We propose new quantum algorithms for estimating spectral sums of positive semi-definite (PSD) matrices. The spectral sum of an PSD matrix $A$, for a function $f$, is defined as $ \text{Tr}[f(A)] = \sum_j f(\lambda_j)$, where $\lambda_j$ are the eigenvalues of $A$. Typical examples of spectral sums are the von Neumann entropy, the trace of $A^{-1}$, the log-determinant, and the Schatten $p$-norm, where the latter does not require the matrix to be PSD. The current best classical randomized algorithms estimating these quantities have a runtime that is at least linearly in the number of nonzero entries of the matrix and quadratic in the estimation error. Assuming access to a block-encoding of a matrix, our algorithms are sub-linear in the matrix size, and depend at most quadratically on other parameters, like the condition number and the approximation error, and thus can compete with most of the randomized and distributed classical algorithms proposed in the literature, and polynomially improve the runtime of other quantum algorithms proposed for the same problems. We show how the algorithms and techniques used in this work can be applied to three problems in spectral graph theory: approximating the number of triangles, the effective resistance, and the number of spanning trees within a graph.

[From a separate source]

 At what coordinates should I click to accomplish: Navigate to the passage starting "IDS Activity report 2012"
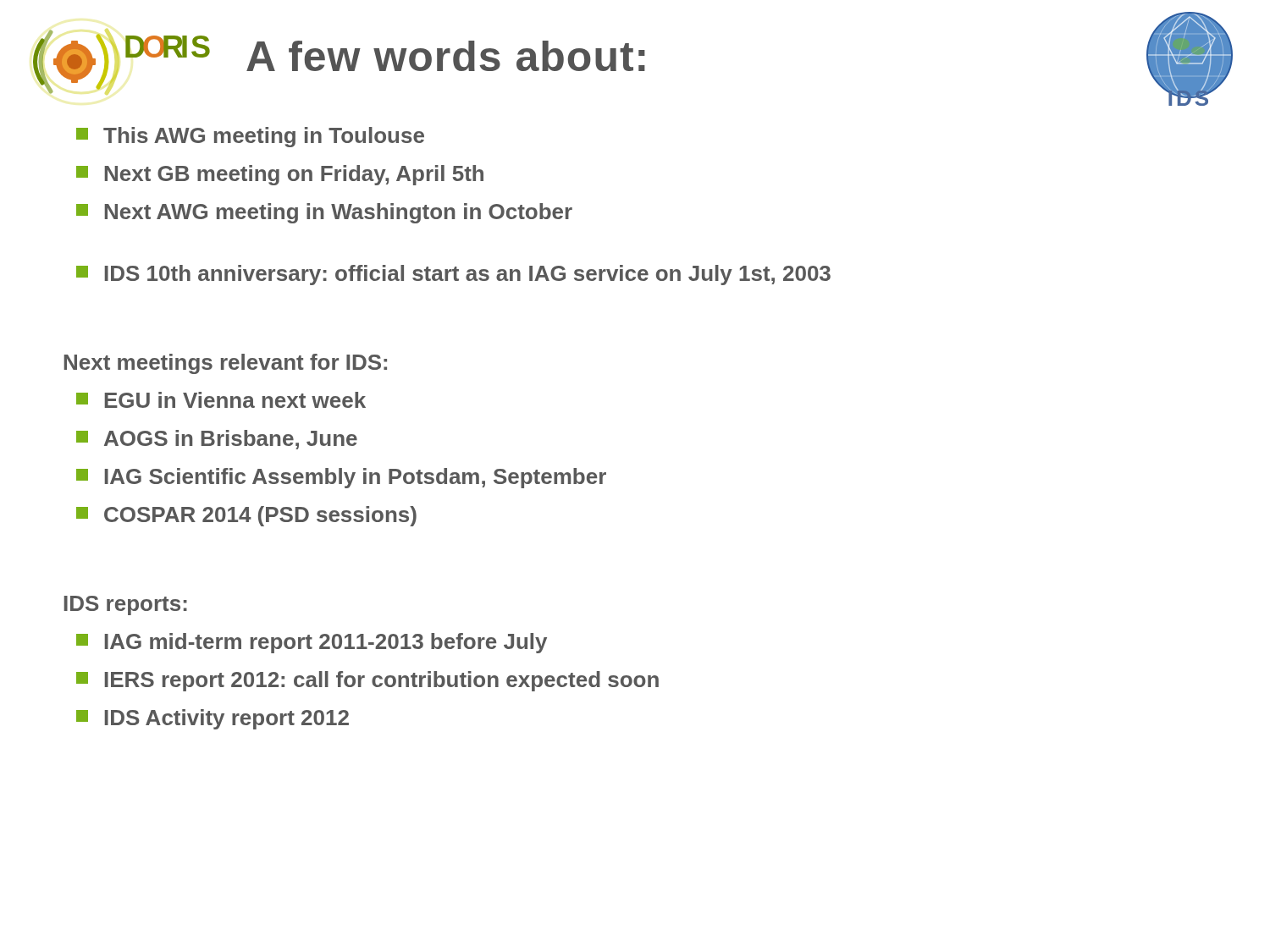pyautogui.click(x=213, y=718)
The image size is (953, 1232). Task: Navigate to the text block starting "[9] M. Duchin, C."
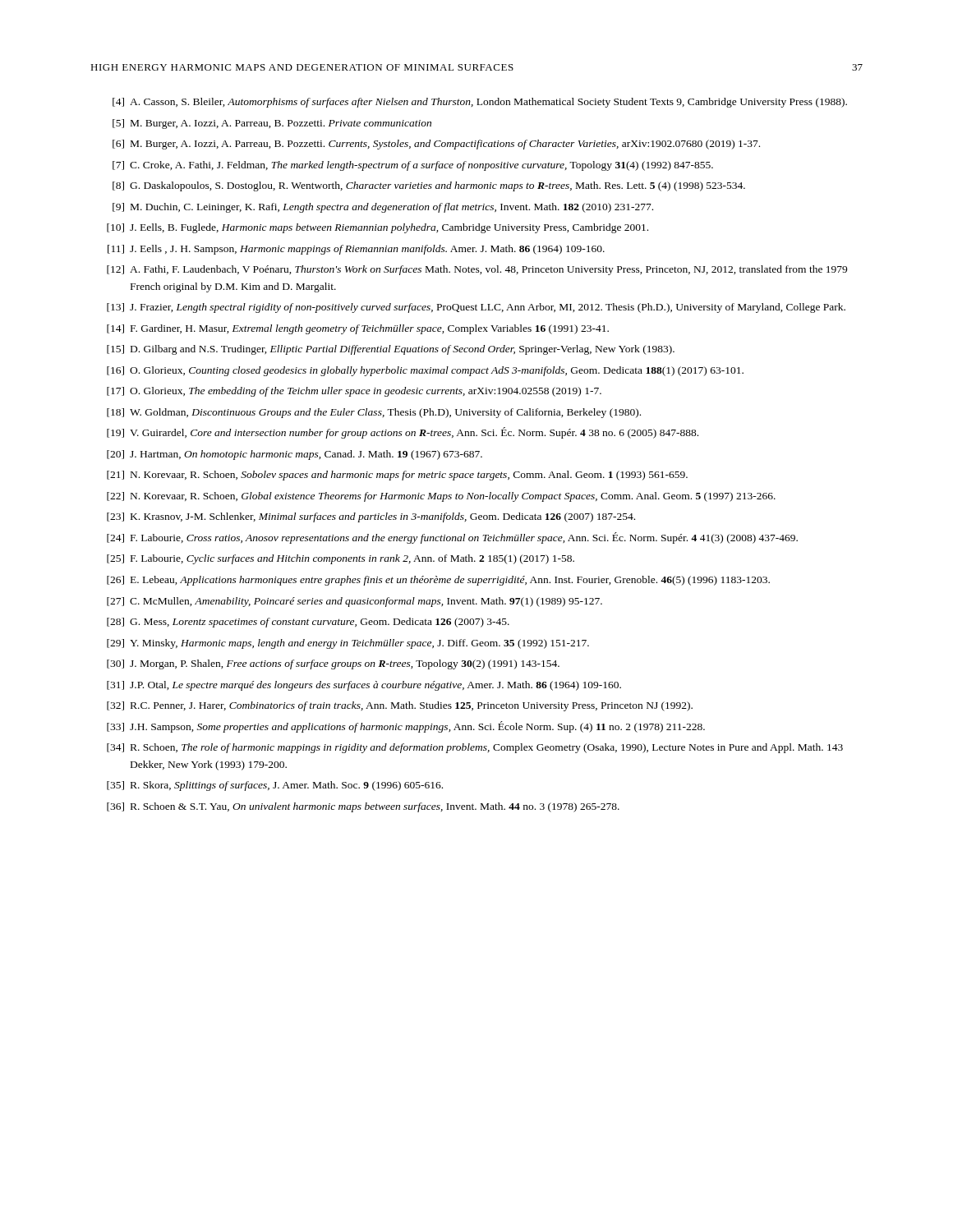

翻译：我们提出了新的量子算法，用于估计半正定（PSD）矩阵的谱求和。对于函数$f$，PSD矩阵$A$的谱求和定义为$ \text{Tr}[f(A)] = \sum_j f(\lambda_j)$，其中$\lambda_j$是$A$的特征值。谱求和的典型示例包括冯·诺依曼熵、$A^{-1}$的迹、对数行列式以及Schatten $p$-范数（后者不要求矩阵为PSD）。当前最先进的经典随机算法在估计这些量时，其运行时间至少与矩阵非零元素数目成线性关系，且与估计误差的平方成正比。假设能够访问矩阵的块编码，我们的算法在矩阵规模上呈亚线性，且对其他参数（如条件数和近似误差）的依赖至多为二次关系，因此可与文献中提出的多数经典随机和分布式算法相竞争，并多项式级地改进用于解决同类问题的其他量子算法的运行时间。我们还展示了本工作中提出的算法和技术如何应用于谱图理论中的三个问题：近似图中三角形数量、有效电阻以及生成树数量。